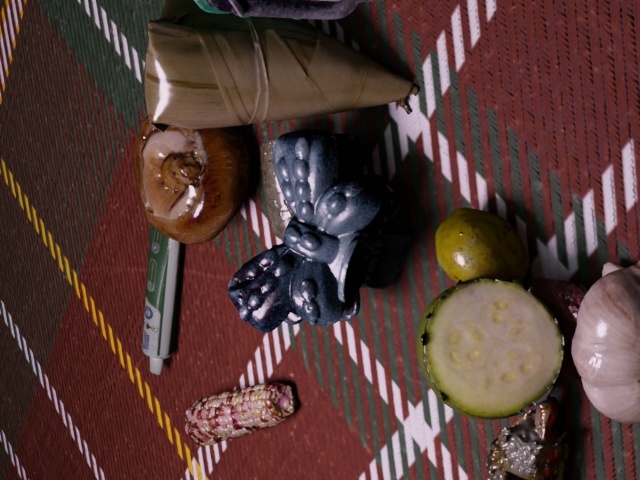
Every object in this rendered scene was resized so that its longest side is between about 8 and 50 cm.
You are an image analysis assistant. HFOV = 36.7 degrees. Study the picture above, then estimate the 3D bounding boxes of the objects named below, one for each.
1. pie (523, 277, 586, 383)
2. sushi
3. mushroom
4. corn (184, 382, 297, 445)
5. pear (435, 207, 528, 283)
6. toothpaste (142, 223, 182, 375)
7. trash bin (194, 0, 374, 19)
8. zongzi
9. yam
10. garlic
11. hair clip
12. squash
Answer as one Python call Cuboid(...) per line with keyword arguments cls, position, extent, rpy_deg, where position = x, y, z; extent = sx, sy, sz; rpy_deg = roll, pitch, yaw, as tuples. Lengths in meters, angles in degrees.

= = = = = = =

TASK OBJECTIVE:
From the first line to the last, repeat the records exactly. Leave out the pictures.

TASK SOLUTION:
Every object in this rendered scene was resized so that its longest side is between about 8 and 50 cm.
You are an image analysis assistant. HFOV = 36.7 degrees. Study the picture above, then estimate the 3D bounding boxes of the objects named below, one for each.
1. pie (523, 277, 586, 383)
2. sushi
3. mushroom
4. corn (184, 382, 297, 445)
5. pear (435, 207, 528, 283)
6. toothpaste (142, 223, 182, 375)
7. trash bin (194, 0, 374, 19)
8. zongzi
9. yam
10. garlic
11. hair clip
12. squash
Answer as one Python call Cuboid(...) per line with keyword arguments cls, position, extent, rpy_deg, where position = x, y, z; extent = sx, sy, sz; rpy_deg = roll, pitch, yaw, as tuples. Lengths in meters, angles in degrees.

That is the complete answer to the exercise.